Anyhow, one week when there was a comedy play on called Big Bad Mouse at the Theatre Royal and , some of the cast used to pop for a quick drink. One night I walked in, and there propping up the bar, were the shows stars, Jimmy Edwards and Eric Sykes. Now I am not a one for pestering people like this, they've just come out to relax like me after all. . So I walked up the bar and said to Betty, " A pint of Scotch please Betty "

Straightaway, Jimmy Edwards ears pricked up. " Bloody Hell, hes drinking a pint of Whisky !". I think my reply was, " well we are tough round here Jimmy".  

Later that week soon to be Mrs Ken and I went to see the play, which was bloody funny. There was a lot of ad libbing and at one point Eric Sykes came on the stage and stated that the Turks Head Hotel opposite ( where they were staying) was on fire. We all thought it was part of the act but it was true, although only with minor damage. 

Sadly, no room in the ad lib for the lad with the pint of whisky
   

Friday, 27 January 2017

A LONG FORGOTTEN BOTTLE

Having a recent cupboard clear out lately, mainly the non beer cupboard. Hidden behind the various bottles of Martini,Ouzo, Sherry and Poncha was this bottle of Pink Pussy from Australia. We are assuming its a pink Babycham type drink, but the label doesn't say the strength ; its probably flat and pink vinegar by now.


We visited Australia for the first time in 1984, and one highlight of the trip was staying with Mrs Kens relatives and having a tour of the Barossa Valley wine region of South Australia. We must have staggered in and out of about 6 wineries, mainly for the discount booze. Of the 2 " novelty bottles" we came back with one, called Panthers Piss, has been drunk. The second, has been hidden away for over 32 years. I suppose we shall have to open it sometime !.

This set my mind wandering about a couple of incidents while we were there. We flew into Melbourne first , staying with friends in a small township called Melton. After we got over the jet lag they let us loose by ourselves wandering round the town.
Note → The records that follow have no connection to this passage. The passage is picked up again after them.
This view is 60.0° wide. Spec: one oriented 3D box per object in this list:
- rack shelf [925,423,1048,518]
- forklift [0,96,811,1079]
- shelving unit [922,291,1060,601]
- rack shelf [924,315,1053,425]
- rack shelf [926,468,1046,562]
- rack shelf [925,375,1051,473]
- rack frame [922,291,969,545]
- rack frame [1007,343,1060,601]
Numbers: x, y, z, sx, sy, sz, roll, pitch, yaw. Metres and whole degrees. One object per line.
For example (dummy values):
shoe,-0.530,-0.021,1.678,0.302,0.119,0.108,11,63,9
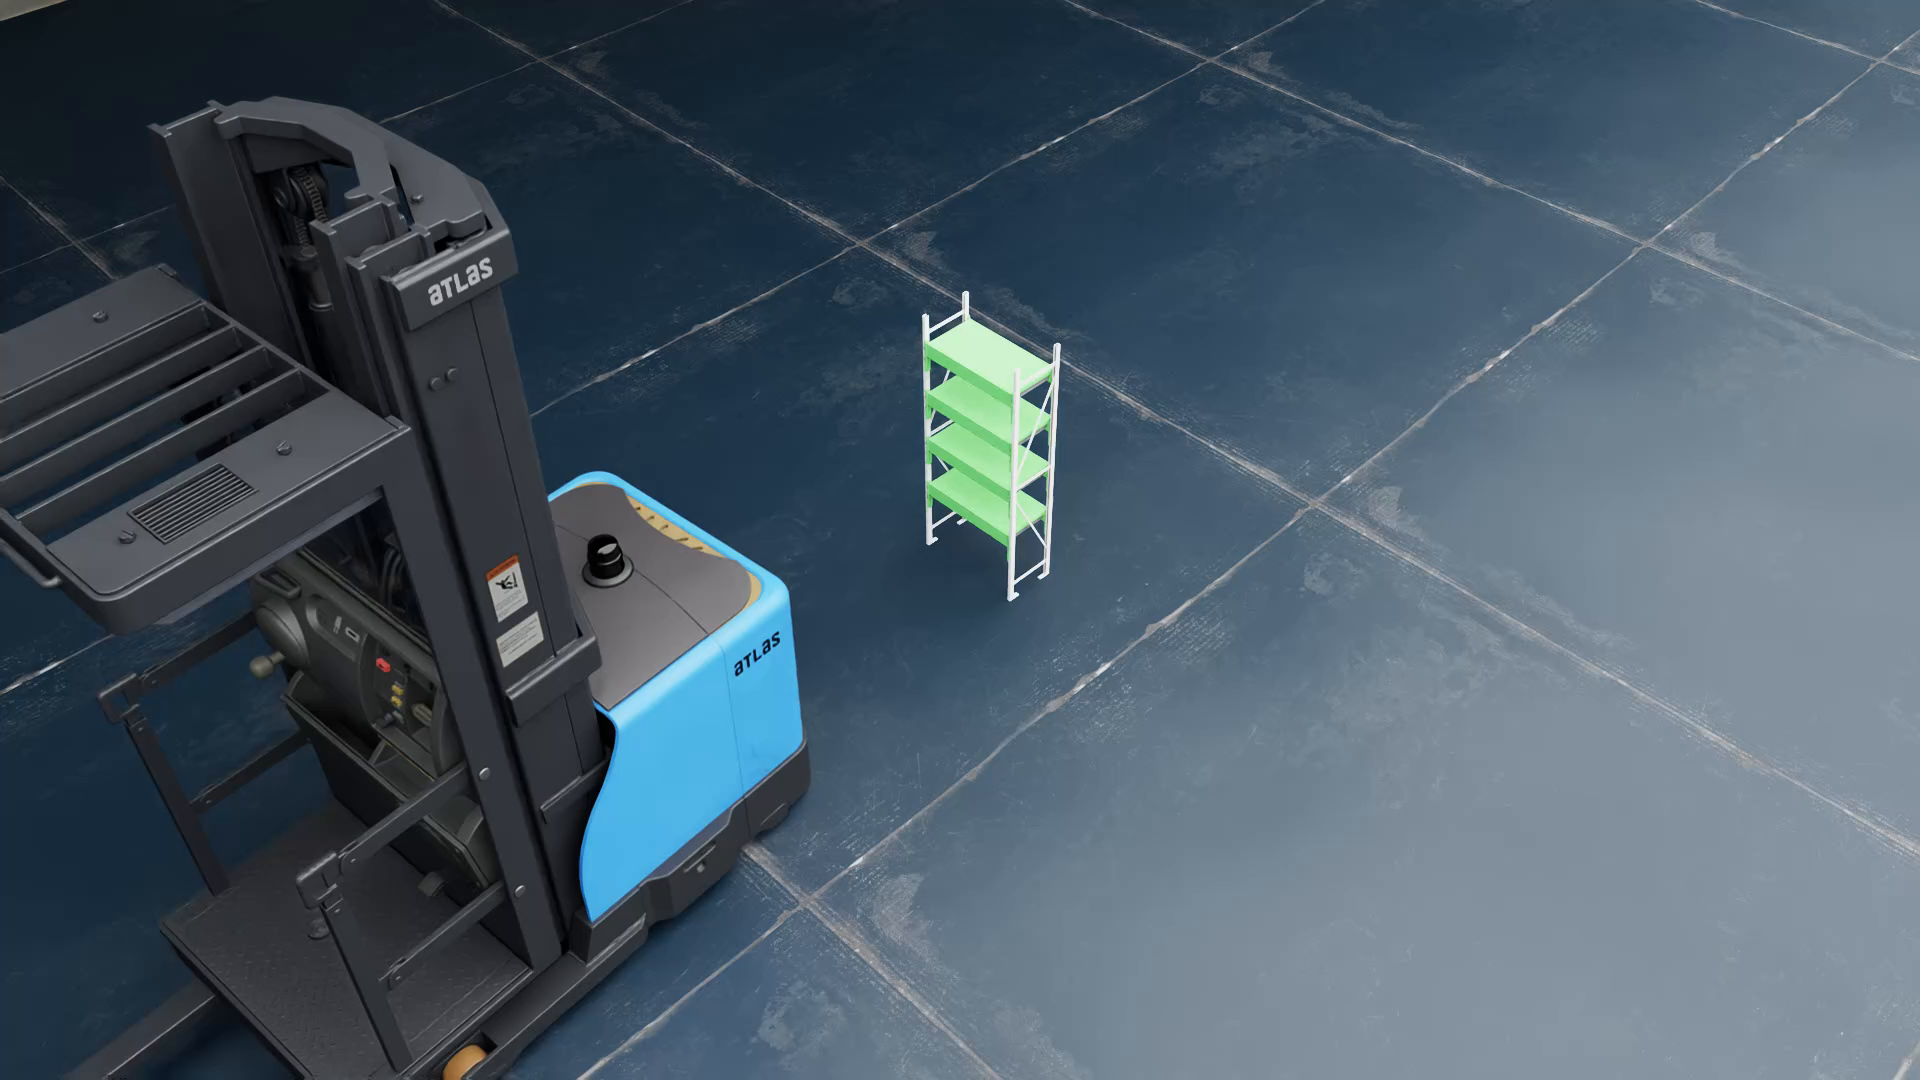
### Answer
rack shelf,0.117,-0.314,6.800,0.258,0.148,0.480,-34,53,-31
forklift,-1.887,0.415,4.641,1.130,2.935,3.031,30,50,28
shelving unit,0.117,-0.361,6.757,0.258,1.200,0.503,-34,53,-31
rack shelf,0.117,-0.667,6.474,0.258,0.148,0.480,-34,53,-31
rack shelf,0.117,-0.138,6.963,0.258,0.148,0.480,-34,53,-31
rack shelf,0.117,-0.490,6.637,0.258,0.148,0.480,-34,53,-31
rack frame,-0.055,-0.478,6.884,0.240,1.200,0.015,-34,53,-31
rack frame,0.289,-0.244,6.630,0.240,1.200,0.015,-34,53,-31

We inevitably ended up in a pub. 

Now in those days the beer was all piss, Victoria Bitter, Carlton Draught, all fizzy and most yellow.Due to a communication breakdown we ended up with a jug full of this yellow stuff. There must have been nearly 3 pints of it and I was really struggling to get it down.  Ended up leaving  half of it, which is not like me. Made the mistake of telling this to mine hosts later , who's catch phrase for the rest of our stay, became " Ken Likes Jugs" 

Over in Adelaide, South Australia, Mrs Kens brother took me to a local bar. Drinking some local shite, the barman but this EP on ( that would be vinyl - ed) of this local comedian called George Similovici - an Aussie version of Billy Connolly. The language was disgusting and this record was booming out over the speakers. I quickly realised that women did not frequent this bar., like a lot of pubs -  mainly men. Brought the EP back with me, listen to it occasionally. ( CD copy available ? Ed)  Google him on YouTube.

The state of beer in Australia now is far different to what it was in the 80s. There is a much greater choice. Even Fosters have got in on the act, making a wonderful Sheaf Stout.  Beers such as Coopers Sparkling Ale and Little Creatures Pale can sometimes be found in the UK.